Descriptive statistics allow researchers to create a preliminary summary of the Raw data. For this reason, they can also be referred to as summary statistics. Descriptive statistics are the first step in data analysis and provide valuable information for choosing the correct statistical test.

Descriptive statistics is a form of statistical analysis utilised to summarise a dataset.

As you can probably deduce from its name, descriptive statistics describe the main aspects of the data. They are beneficial as they provide researchers with information about potential Relationships between Variables and information regarding which Statistical Tests would be appropriate for testing the proposed hypothesis.

Researchers, however, do not conclude from descriptive statistics. To go beyond description and infer results, researchers use inferential statistics.

Descriptive statistics describe raw data, and inferential statistics make predictions about a larger population.

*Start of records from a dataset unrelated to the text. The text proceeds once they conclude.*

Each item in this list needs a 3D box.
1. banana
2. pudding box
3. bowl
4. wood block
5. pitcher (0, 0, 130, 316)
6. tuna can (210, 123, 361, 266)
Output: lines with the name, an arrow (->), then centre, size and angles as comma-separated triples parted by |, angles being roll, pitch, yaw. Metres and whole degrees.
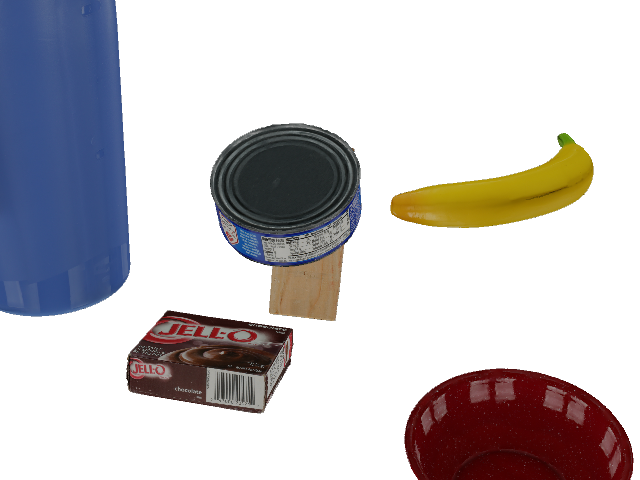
banana -> 0.146, -0.039, 0.813 | 0.197, 0.037, 0.070 | -19, 25, -33
pudding box -> -0.086, 0.095, 0.852 | 0.113, 0.039, 0.090 | 9, 22, 10
bowl -> 0.141, 0.166, 0.778 | 0.162, 0.055, 0.162 | -1, 35, 0
wood block -> -0.012, -0.013, 1.367 | 0.090, 0.206, 0.090 | 6, 25, 1
pitcher -> -0.197, -0.073, 0.693 | 0.149, 0.243, 0.145 | -5, 27, -6
tuna can -> -0.019, -0.026, 0.615 | 0.086, 0.086, 0.034 | 0, -41, 6
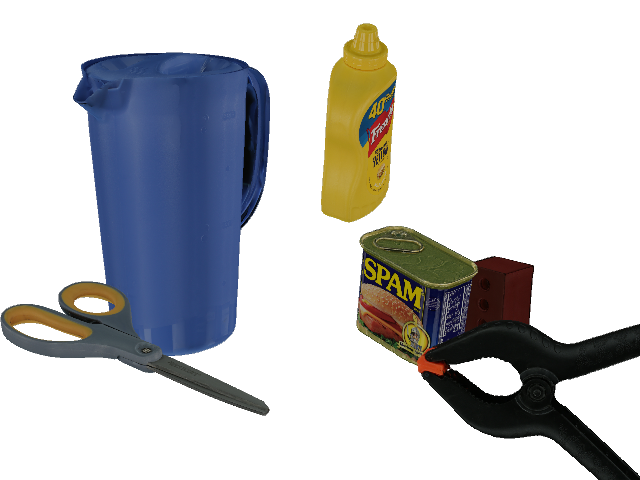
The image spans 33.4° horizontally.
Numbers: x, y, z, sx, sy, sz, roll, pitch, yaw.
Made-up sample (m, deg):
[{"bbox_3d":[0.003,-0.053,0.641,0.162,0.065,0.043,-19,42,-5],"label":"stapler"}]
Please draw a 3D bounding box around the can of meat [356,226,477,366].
[{"bbox_3d":[0.076,0.047,0.884,0.057,0.084,0.102,-18,34,-36],"label":"can of meat"}]

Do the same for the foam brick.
[{"bbox_3d":[0.183,0.061,1.103,0.051,0.078,0.053,-14,20,-43],"label":"foam brick"}]

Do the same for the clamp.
[{"bbox_3d":[0.150,0.107,0.704,0.172,0.120,0.039,2,-1,20],"label":"clamp"}]

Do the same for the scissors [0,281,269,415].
[{"bbox_3d":[-0.115,0.067,0.716,0.202,0.016,0.096,12,28,13],"label":"scissors"}]

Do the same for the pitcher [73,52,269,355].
[{"bbox_3d":[-0.118,-0.035,0.897,0.149,0.243,0.145,0,18,-2],"label":"pitcher"}]

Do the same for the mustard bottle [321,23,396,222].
[{"bbox_3d":[0.039,-0.118,1.022,0.058,0.192,0.096,21,42,22],"label":"mustard bottle"}]
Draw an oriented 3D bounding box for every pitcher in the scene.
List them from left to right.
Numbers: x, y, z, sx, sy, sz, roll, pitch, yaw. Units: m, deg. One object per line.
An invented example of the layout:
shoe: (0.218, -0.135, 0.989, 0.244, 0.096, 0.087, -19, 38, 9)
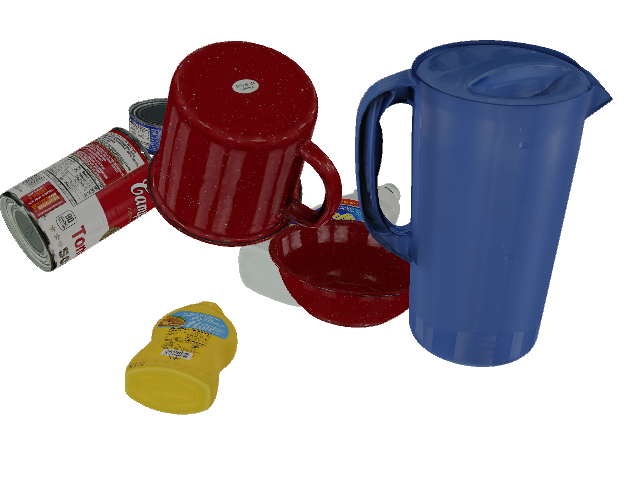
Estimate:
pitcher: (0.119, -0.026, 0.836, 0.149, 0.243, 0.144, 25, 37, 34)

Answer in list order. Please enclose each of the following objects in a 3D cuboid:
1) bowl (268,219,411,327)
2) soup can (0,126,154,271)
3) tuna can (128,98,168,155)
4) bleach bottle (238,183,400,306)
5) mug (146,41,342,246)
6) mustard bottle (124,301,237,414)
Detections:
bowl: (0.029, 0.037, 1.005, 0.162, 0.055, 0.162, 5, 24, -3)
soup can: (-0.176, -0.031, 0.788, 0.102, 0.068, 0.069, -35, 18, -27)
tuna can: (-0.149, -0.113, 1.070, 0.086, 0.034, 0.086, 5, 25, -3)
bleach bottle: (0.015, -0.011, 1.309, 0.103, 0.068, 0.250, 20, 37, 28)
mug: (-0.038, -0.050, 0.599, 0.117, 0.082, 0.093, 35, 52, 13)
mustard bottle: (-0.145, 0.119, 1.193, 0.096, 0.058, 0.191, 8, 25, 7)

## Descriptive Statistics: Psychology

Descriptive statistics are usually presented graphically, either on tables, frequency distributions, histograms, or bar charts.

Generally, descriptive statistics are used in psychology research to summarise datasets.

However, descriptive statistics cannot be used to make inferences or generalisations about broader populations.

## Descriptive Statistical Analysis: Measures of Frequency Distribution

The frequency distribution describes the number of observations for a possible variable value. This information is often displayed in frequency tables.

Imagine a study looking into the relationship between two Variables: hair colour and nationality. A frequency table would look like this:

 Hair Colour Frequency Nationality Frequency Black 7 Ireland 5 Brown 6 England 15 Blonde 14 Wales 5 Ginger 3 Scotland 5 Total Sample 30 Total Sample 30

From such a table, researchers can state that 14 individuals within the sample were blonde and that 5 were Irish.

## Descriptive Statistical Analysis: Measures of Central Tendency

There are many different Statistical Tests used to measure central tendency. Measures of central tendency give a single value that is an average of the entire dataset, this is beneficial for large datasets. The three most commonly used are: mean, median and mode.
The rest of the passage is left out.